ことのはの巫女とことだまの魔女と
- Genre: Yuri
- Written by: Miyabi Fujieda
- Published by: Ichijinsha
- Magazine: Yuri Shimai Comic Yuri Hime
- Original run: 2004 – 2006
- Volumes: 1
- Kotoiro no Hibi to Kotohogi no Kimi to Drama CD; Kotonoha no Miko to Kotodama no Majo to Drama CD "Madrigal Halloween";

= Kotonoha no Miko to Kotodama no Majo to =

Japanese manga

Kotonoha no Miko to Kotodama no Majo to (ことのはの巫女とことだまの魔女と) is a Japanese yuri manga series written and illustrated by Miyabi Fujieda. It began serialization in 2004 in Sun Magazine's Yuri Shimai as Torikago no Miko to Kimagure na Majo to (鳥籠の巫女と気紛れな魔女と). It moved to the magazine's successor Comic Yuri Hime in 2005 where it continued and concluded under its new title.

==Plot==
A witch named Reti, an architecture enthusiast, happens upon a hidden shrine surrounded by a barrier, and when she undoes the barrier she meets a sheltered miko named Tsumugi. Tsumugi has never left the shrine, and she then decides she wants to travel with Reti. Over the course of the series the two of them fall in love.

==Characters==
- Gretia "Reti" Dietrich

 A witch who is an enthusiast for ancient architecture.
- Tsumugi Tokigami (鴇神紬, Tokigami Tsumugi)

 A miko. She was sealed in her family's temple shrine for her own protection, as the outside world was poisonous to her pure spirit.
- Isuzu Suzushiro (鈴代五十鈴, Suzushiro Isuzu)
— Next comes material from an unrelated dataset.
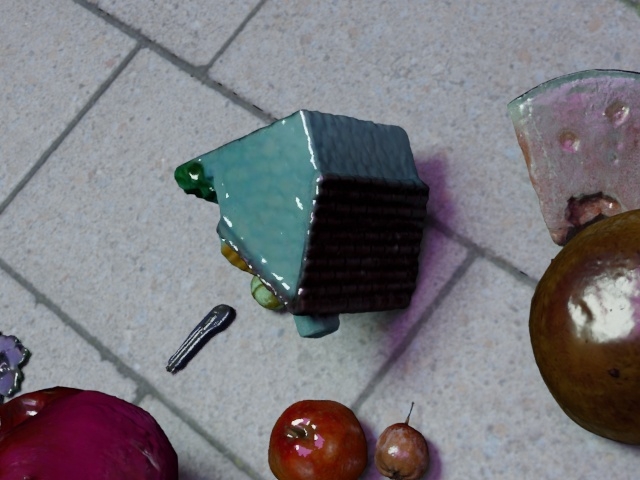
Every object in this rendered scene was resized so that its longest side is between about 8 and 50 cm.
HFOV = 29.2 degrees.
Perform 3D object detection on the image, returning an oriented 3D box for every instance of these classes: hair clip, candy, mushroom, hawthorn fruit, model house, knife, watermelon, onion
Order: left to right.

 A lady supervisor of Tsumugi.
- Kami-sama (神様)

 God of the Tokigami mountain shrine. She transfers some of her power to Reti so that Tsumugi can live in the outside world.

== Media==
===Manga===
Kotonoha no Miko to Kotodama no Majo to is a manga series written and illustrated by Miyabi Fujieda, which first began serialization in Yuri Shimai as Torikago no Miko to Kimagure na Majo to in the fourth volume sold on July 27, 2004. It moved to the magazines' successor Comic Yuri Hime and the title was changed to Kotonoha no Miko to Kotodama no Majo to. The bound volume was released on July 14, 2006.

===Drama CDs===
- The limited-edition version of the manga was accompanied with a drama CD entitled Kotoiro no Hibi to Kotohogi no Kimi to (こといろの日々とことほぎの君と)
- Kotonoha no Miko to Kotodama no Majo to Drama CD "Madrigal Halloween" drama CD was published October 31, 2006
In both drama CDs, characters from Miyabi's other work Ameiro Kochakan Kandan are also featured in a fictional crossover.